*REQUIRED WORK:*
Omitting every picture, output the records below exactly, please.

[Collection entries]
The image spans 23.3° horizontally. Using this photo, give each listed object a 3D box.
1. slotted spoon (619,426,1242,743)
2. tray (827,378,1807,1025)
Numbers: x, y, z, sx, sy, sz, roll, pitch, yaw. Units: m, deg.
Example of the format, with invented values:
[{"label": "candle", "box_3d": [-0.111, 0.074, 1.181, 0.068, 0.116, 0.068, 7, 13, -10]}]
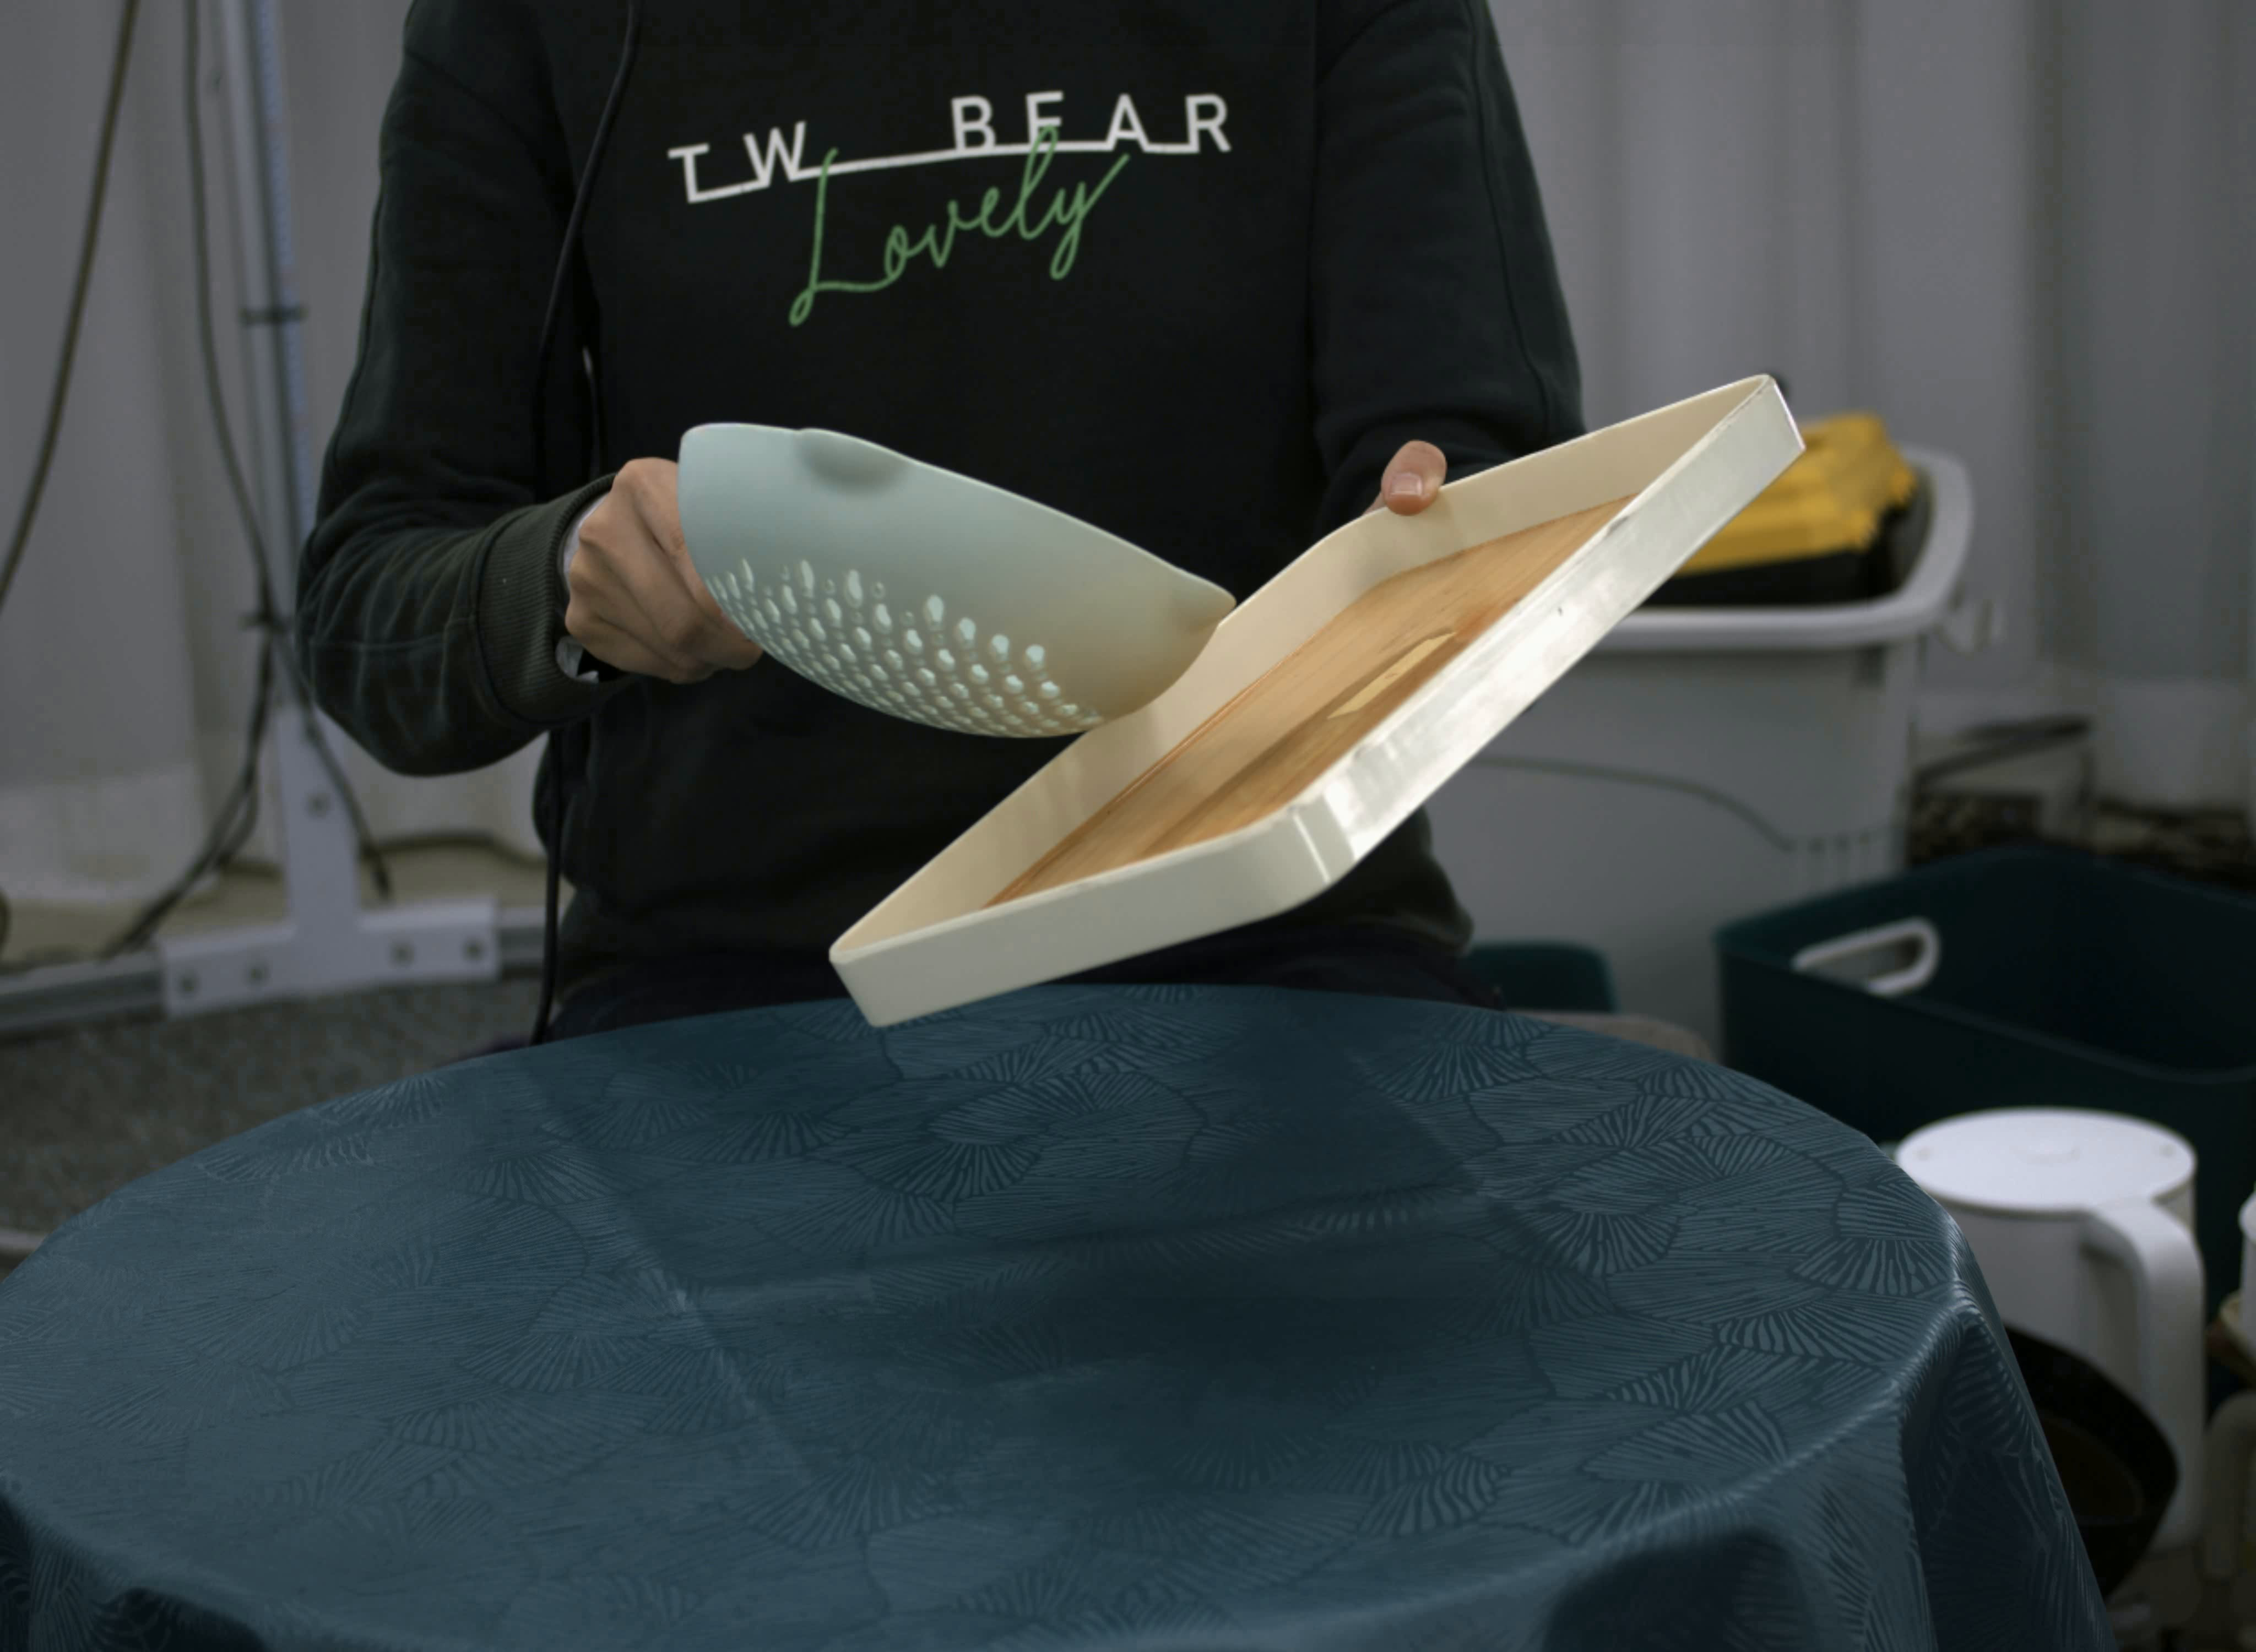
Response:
[{"label": "slotted spoon", "box_3d": [-0.094, -0.075, 1.713, 0.168, 0.075, 0.361, 23, -2, -22]}, {"label": "tray", "box_3d": [0.059, -0.038, 1.606, 0.191, 0.027, 0.302, -17, 16, 43]}]

*COMPLETED TASK:*
The image spans 23.3° horizontally. Using this photo, give each listed object a 3D box.
1. slotted spoon (619,426,1242,743)
2. tray (827,378,1807,1025)
Numbers: x, y, z, sx, sy, sz, roll, pitch, yaw. Units: m, deg.
Example of the format, with invented values:
[{"label": "candle", "box_3d": [-0.111, 0.074, 1.181, 0.068, 0.116, 0.068, 7, 13, -10]}]
Response:
[{"label": "slotted spoon", "box_3d": [-0.094, -0.075, 1.713, 0.168, 0.075, 0.361, 23, -2, -22]}, {"label": "tray", "box_3d": [0.059, -0.038, 1.606, 0.191, 0.027, 0.302, -17, 16, 43]}]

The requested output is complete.